-- DATA FOR THIS EXERCISE follows --

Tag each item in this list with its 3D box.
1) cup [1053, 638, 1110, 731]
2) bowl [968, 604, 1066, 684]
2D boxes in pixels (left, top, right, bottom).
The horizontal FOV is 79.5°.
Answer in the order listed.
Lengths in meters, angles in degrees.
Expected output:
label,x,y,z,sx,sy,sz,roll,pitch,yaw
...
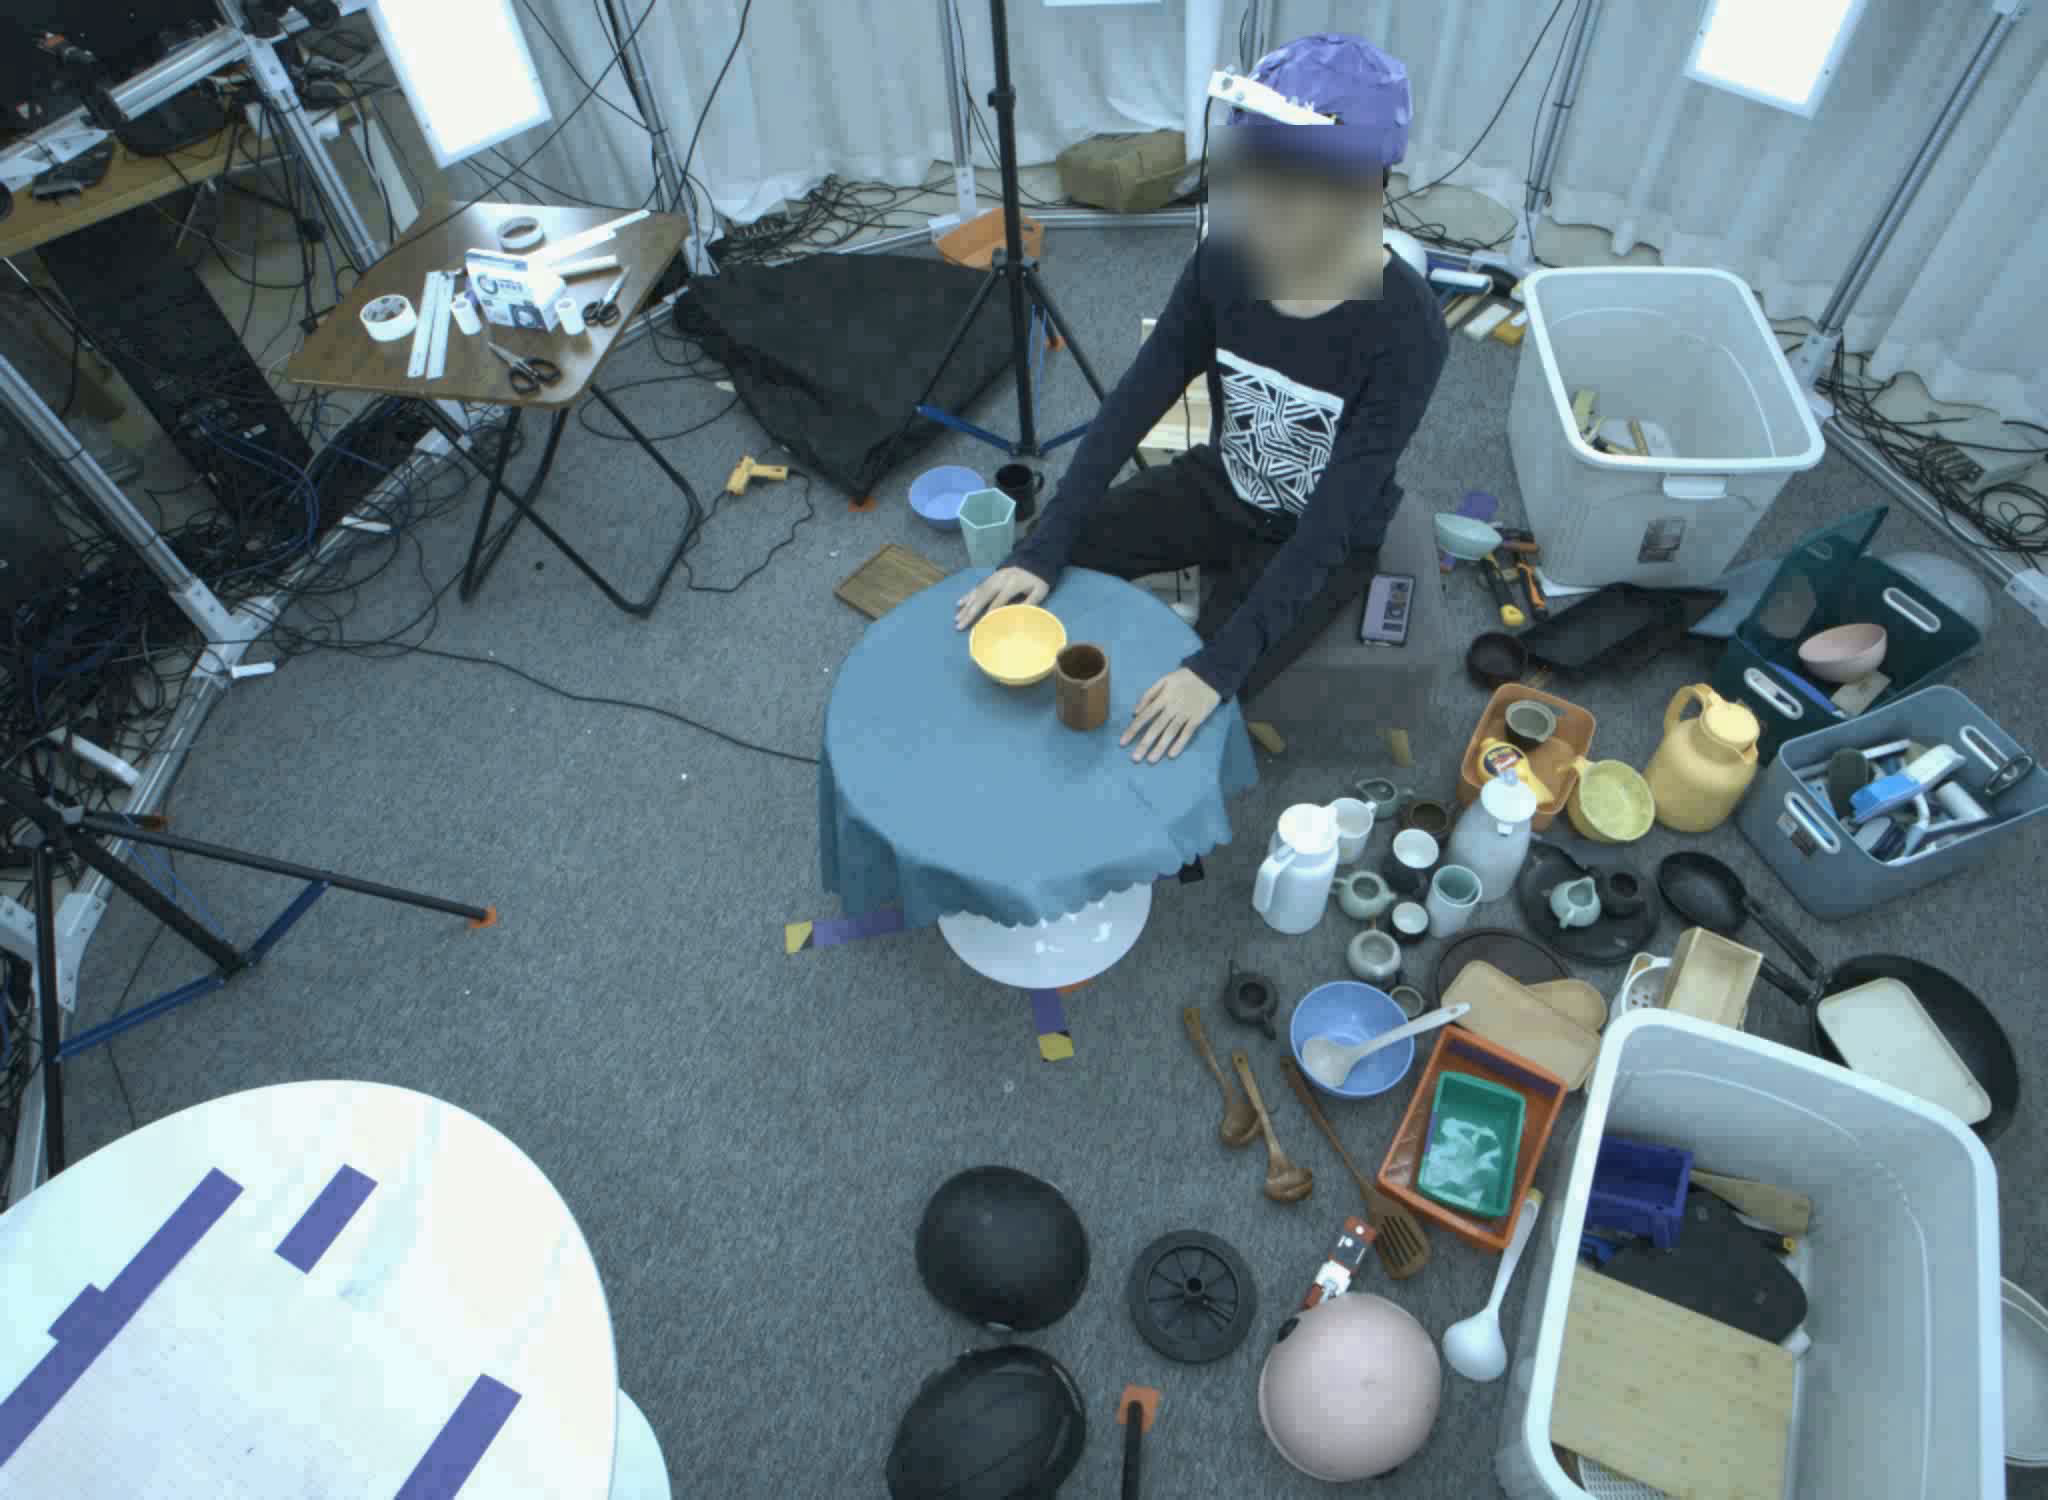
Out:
label,x,y,z,sx,sy,sz,roll,pitch,yaw
cup,0.083,-0.094,1.772,0.088,0.119,0.087,0,55,2
bowl,-0.009,-0.148,1.848,0.145,0.061,0.144,0,55,1

-- DATA FOR THIS EXERCISE concluded --

## EXERCISE BRIEF:
Reproduce the material above in full and without alteration, but skip all pictures.

## RESULT BELOW:
Tag each item in this list with its 3D box.
1) cup [1053, 638, 1110, 731]
2) bowl [968, 604, 1066, 684]
2D boxes in pixels (left, top, right, bottom).
The horizontal FOV is 79.5°.
Answer in the order listed.
Lengths in meters, angles in degrees.
Expected output:
label,x,y,z,sx,sy,sz,roll,pitch,yaw
...
Out:
label,x,y,z,sx,sy,sz,roll,pitch,yaw
cup,0.083,-0.094,1.772,0.088,0.119,0.087,0,55,2
bowl,-0.009,-0.148,1.848,0.145,0.061,0.144,0,55,1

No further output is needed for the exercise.